**What the task asks:**
Examine each line in the records below for the word "from". Report how many lines contain it, and nothing else.

Data to examine Block Start

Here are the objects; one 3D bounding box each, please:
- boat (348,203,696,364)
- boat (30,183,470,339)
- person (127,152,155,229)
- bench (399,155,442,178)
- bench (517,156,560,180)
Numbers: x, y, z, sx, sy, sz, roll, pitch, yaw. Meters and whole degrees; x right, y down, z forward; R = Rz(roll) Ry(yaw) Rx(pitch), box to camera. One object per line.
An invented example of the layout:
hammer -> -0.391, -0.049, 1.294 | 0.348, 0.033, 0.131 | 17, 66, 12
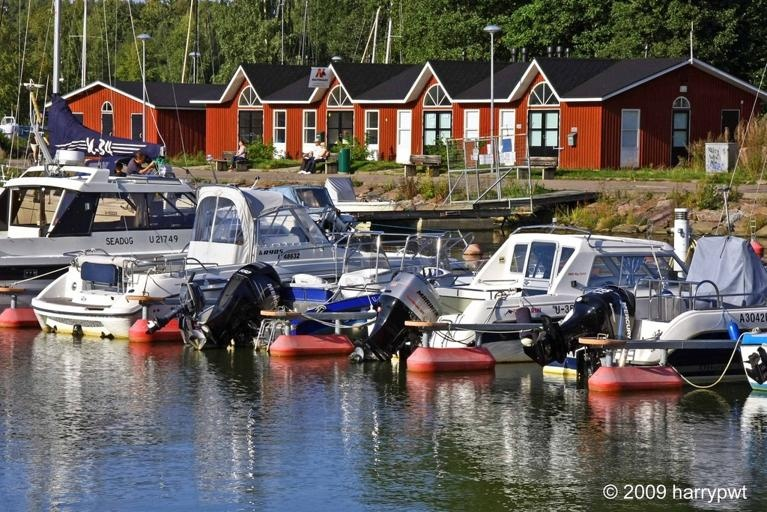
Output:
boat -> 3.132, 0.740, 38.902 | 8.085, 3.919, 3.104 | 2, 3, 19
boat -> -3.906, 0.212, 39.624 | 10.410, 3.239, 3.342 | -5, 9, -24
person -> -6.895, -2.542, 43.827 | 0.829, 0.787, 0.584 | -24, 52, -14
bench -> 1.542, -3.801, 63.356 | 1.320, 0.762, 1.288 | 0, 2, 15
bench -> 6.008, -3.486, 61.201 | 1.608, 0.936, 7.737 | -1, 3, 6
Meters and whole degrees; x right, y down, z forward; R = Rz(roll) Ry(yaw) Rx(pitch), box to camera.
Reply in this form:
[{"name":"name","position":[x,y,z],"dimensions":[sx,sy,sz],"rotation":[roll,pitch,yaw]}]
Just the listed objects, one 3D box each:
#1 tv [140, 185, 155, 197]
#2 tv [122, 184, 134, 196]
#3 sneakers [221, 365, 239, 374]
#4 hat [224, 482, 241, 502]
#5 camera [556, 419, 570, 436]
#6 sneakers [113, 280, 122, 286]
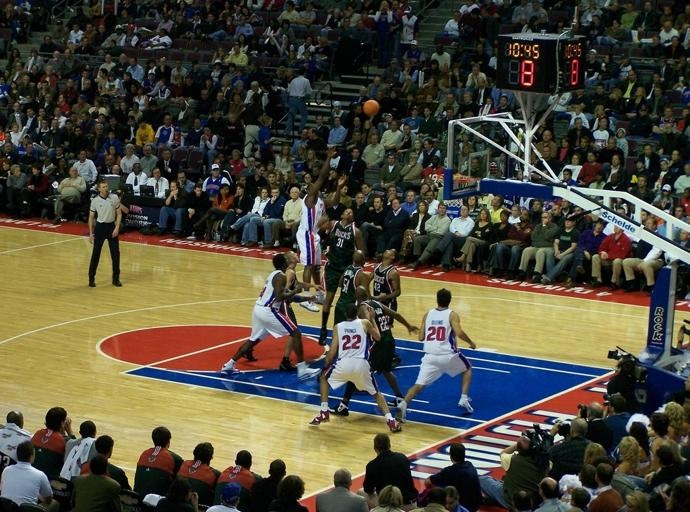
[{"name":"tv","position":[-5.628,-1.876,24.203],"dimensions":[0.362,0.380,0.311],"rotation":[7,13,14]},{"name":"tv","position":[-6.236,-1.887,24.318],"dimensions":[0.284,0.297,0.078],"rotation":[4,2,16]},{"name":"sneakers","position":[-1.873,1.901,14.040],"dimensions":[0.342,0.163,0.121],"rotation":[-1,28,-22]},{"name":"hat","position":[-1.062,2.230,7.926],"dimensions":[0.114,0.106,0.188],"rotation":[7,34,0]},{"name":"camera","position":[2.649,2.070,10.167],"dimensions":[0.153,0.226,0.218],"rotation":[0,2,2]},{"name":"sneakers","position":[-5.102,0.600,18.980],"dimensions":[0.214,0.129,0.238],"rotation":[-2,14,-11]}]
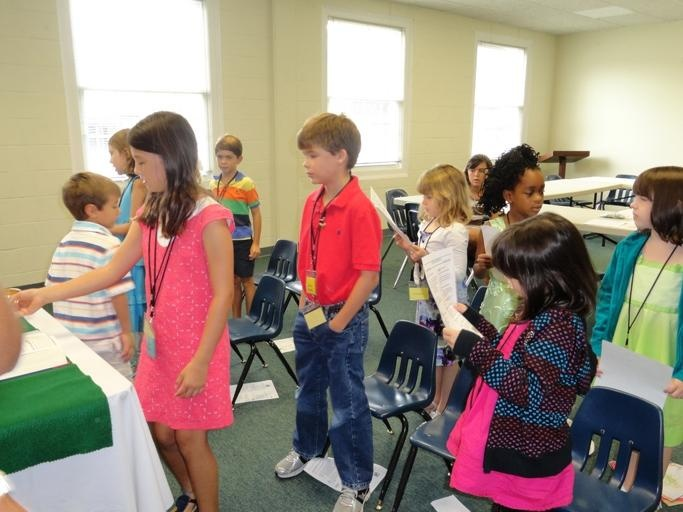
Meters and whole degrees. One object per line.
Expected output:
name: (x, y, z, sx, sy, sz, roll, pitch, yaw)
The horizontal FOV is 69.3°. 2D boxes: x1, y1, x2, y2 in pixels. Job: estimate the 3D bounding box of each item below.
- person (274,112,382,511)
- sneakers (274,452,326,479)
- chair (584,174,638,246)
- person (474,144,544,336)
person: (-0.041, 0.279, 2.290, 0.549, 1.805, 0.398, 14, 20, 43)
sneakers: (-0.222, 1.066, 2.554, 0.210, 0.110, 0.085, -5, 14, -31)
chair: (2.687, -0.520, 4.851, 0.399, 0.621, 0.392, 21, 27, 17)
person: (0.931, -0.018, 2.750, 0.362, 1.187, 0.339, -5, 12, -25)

Data to examine Block End
Data to examine Block Start

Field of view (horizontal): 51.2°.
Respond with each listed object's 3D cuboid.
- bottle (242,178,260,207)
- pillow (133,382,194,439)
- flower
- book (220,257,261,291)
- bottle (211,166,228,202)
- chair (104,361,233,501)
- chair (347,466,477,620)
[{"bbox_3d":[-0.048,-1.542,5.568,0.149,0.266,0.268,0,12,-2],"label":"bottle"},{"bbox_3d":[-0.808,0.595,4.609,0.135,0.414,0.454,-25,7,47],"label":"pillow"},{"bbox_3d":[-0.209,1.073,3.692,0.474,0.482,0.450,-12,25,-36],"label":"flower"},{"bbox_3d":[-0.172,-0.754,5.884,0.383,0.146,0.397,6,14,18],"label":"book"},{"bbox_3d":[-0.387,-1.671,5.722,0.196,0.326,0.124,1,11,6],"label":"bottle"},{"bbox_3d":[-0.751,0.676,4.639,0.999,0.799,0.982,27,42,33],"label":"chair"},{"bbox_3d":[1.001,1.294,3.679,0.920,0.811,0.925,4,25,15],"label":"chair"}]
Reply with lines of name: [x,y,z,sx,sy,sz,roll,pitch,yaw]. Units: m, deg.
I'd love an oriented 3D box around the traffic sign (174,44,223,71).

Data to examine Block End
Data to examine Block Start

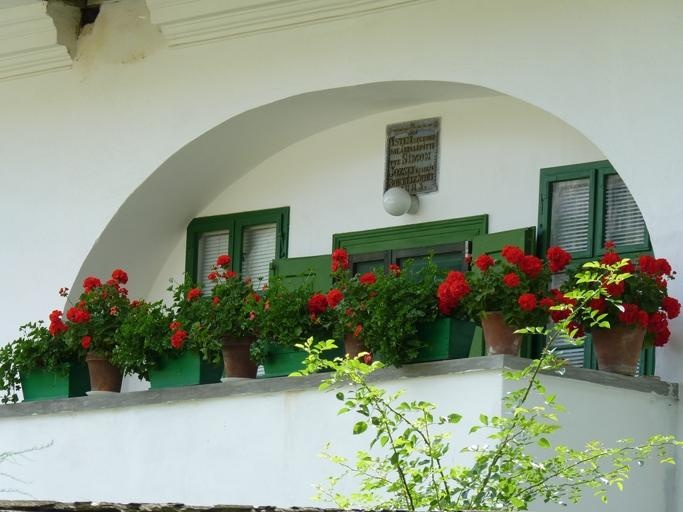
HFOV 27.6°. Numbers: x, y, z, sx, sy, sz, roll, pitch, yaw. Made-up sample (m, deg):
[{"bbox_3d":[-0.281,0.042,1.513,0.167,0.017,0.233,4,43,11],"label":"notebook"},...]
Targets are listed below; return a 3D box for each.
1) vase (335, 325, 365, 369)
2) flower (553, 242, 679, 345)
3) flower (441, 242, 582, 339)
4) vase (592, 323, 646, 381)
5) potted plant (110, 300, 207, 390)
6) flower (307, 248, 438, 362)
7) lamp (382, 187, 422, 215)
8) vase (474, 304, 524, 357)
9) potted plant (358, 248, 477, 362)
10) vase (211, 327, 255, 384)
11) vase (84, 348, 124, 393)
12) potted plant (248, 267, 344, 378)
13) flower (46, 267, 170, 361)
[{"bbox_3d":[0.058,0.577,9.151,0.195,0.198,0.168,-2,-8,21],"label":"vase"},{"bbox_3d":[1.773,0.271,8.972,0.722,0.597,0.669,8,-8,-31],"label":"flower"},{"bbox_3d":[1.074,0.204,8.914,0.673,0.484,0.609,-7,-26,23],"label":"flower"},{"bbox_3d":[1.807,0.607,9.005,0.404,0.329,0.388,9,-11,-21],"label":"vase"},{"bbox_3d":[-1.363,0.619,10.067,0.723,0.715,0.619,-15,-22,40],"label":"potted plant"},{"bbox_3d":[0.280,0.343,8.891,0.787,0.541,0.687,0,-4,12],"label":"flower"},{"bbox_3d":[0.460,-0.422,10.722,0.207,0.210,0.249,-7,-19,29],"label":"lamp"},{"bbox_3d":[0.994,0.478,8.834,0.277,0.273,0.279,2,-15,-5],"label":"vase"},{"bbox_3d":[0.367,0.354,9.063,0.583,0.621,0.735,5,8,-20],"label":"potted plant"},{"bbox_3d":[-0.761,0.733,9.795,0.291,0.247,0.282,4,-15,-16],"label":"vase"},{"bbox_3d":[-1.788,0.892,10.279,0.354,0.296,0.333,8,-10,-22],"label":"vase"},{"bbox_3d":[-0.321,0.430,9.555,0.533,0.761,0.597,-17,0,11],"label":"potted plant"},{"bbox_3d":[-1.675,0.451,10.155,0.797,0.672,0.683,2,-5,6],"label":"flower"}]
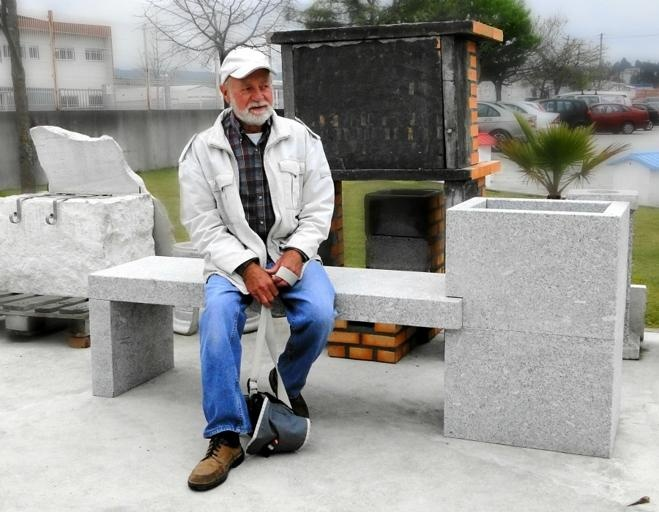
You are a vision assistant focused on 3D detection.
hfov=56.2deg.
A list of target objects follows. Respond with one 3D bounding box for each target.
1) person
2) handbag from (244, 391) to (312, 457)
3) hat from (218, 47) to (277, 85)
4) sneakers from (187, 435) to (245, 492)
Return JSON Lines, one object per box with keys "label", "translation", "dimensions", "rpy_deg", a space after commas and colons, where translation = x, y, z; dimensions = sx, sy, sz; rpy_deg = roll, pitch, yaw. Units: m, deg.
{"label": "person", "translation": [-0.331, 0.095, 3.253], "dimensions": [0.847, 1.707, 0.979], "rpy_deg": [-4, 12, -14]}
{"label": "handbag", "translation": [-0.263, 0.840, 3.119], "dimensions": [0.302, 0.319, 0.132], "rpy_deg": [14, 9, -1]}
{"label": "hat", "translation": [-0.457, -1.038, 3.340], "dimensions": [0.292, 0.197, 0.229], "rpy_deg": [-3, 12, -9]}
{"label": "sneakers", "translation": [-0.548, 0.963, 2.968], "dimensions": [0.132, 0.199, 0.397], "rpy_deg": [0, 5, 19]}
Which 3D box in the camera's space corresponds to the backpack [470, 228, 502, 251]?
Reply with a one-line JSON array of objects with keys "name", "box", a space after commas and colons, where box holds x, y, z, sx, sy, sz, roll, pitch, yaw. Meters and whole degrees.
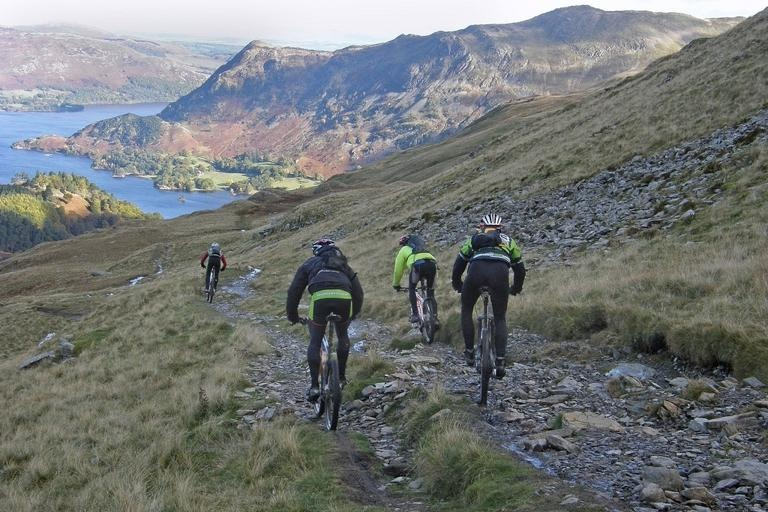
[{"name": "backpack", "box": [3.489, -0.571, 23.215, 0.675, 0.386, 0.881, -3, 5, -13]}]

Data to examine Block End

**Response to this exercise:**
3